═════ DATA LISTING
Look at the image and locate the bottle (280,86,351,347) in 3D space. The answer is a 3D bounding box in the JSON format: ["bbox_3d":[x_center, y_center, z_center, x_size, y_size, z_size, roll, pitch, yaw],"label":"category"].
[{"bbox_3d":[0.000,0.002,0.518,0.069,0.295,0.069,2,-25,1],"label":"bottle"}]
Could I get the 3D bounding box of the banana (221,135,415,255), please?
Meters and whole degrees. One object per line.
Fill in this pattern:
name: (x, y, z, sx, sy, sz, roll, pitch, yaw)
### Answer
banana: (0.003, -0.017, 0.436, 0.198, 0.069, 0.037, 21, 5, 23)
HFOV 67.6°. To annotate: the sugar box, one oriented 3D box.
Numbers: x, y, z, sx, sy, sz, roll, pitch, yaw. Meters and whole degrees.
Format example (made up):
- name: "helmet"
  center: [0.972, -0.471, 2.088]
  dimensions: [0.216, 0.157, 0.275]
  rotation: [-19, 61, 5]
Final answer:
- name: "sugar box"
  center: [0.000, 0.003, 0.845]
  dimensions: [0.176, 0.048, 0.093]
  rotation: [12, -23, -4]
══════════
═════ DATA LISTING
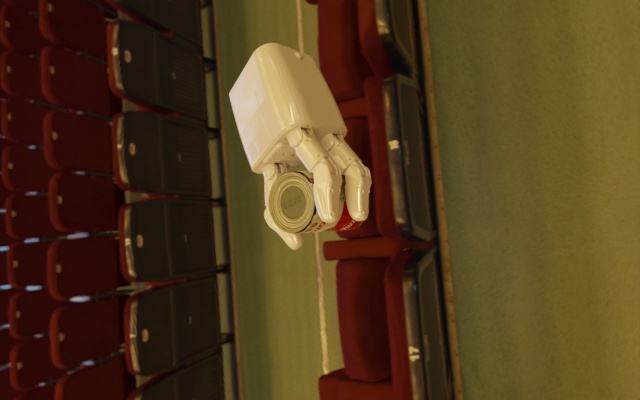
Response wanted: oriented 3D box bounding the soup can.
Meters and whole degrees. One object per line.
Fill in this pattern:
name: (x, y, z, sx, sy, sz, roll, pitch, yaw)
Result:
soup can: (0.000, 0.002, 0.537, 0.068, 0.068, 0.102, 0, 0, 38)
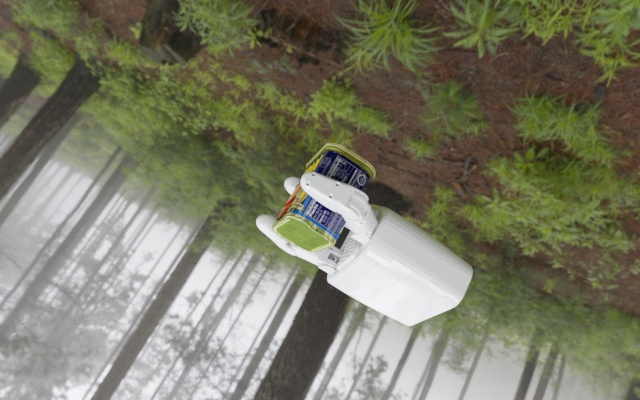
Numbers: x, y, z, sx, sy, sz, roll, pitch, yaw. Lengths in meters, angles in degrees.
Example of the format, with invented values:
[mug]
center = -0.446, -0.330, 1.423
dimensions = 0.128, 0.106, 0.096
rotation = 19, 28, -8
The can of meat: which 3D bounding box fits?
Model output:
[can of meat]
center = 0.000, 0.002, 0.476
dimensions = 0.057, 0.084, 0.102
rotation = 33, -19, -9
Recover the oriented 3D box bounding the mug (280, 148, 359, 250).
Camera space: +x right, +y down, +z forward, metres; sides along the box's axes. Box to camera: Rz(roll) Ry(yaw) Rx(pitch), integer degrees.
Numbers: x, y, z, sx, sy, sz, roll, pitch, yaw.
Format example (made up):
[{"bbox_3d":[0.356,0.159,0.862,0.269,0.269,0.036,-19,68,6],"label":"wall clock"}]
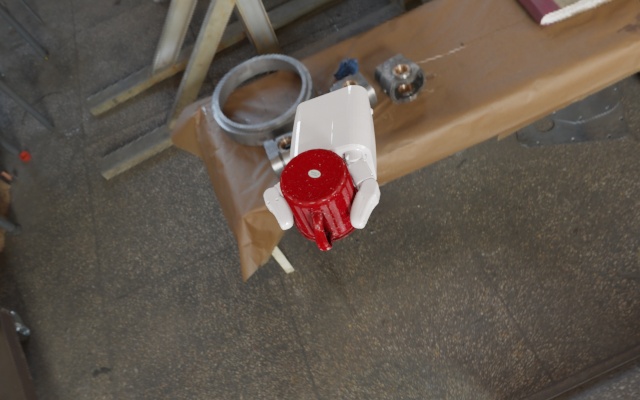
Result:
══════════
● PROBLEM TO SOLVE:
Once the line with "Look at the" is found in the records above, print exactly that line and every line after it through the line with "HFOV 67.6°. To".

● RESULT:
Look at the image and locate the bottle (280,86,351,347) in 3D space. The answer is a 3D bounding box in the JSON format: ["bbox_3d":[x_center, y_center, z_center, x_size, y_size, z_size, roll, pitch, yaw],"label":"category"].
[{"bbox_3d":[0.000,0.002,0.518,0.069,0.295,0.069,2,-25,1],"label":"bottle"}]
Could I get the 3D bounding box of the banana (221,135,415,255), please?
Meters and whole degrees. One object per line.
Fill in this pattern:
name: (x, y, z, sx, sy, sz, roll, pitch, yaw)
### Answer
banana: (0.003, -0.017, 0.436, 0.198, 0.069, 0.037, 21, 5, 23)
HFOV 67.6°. To annotate: the sugar box, one oriented 3D box.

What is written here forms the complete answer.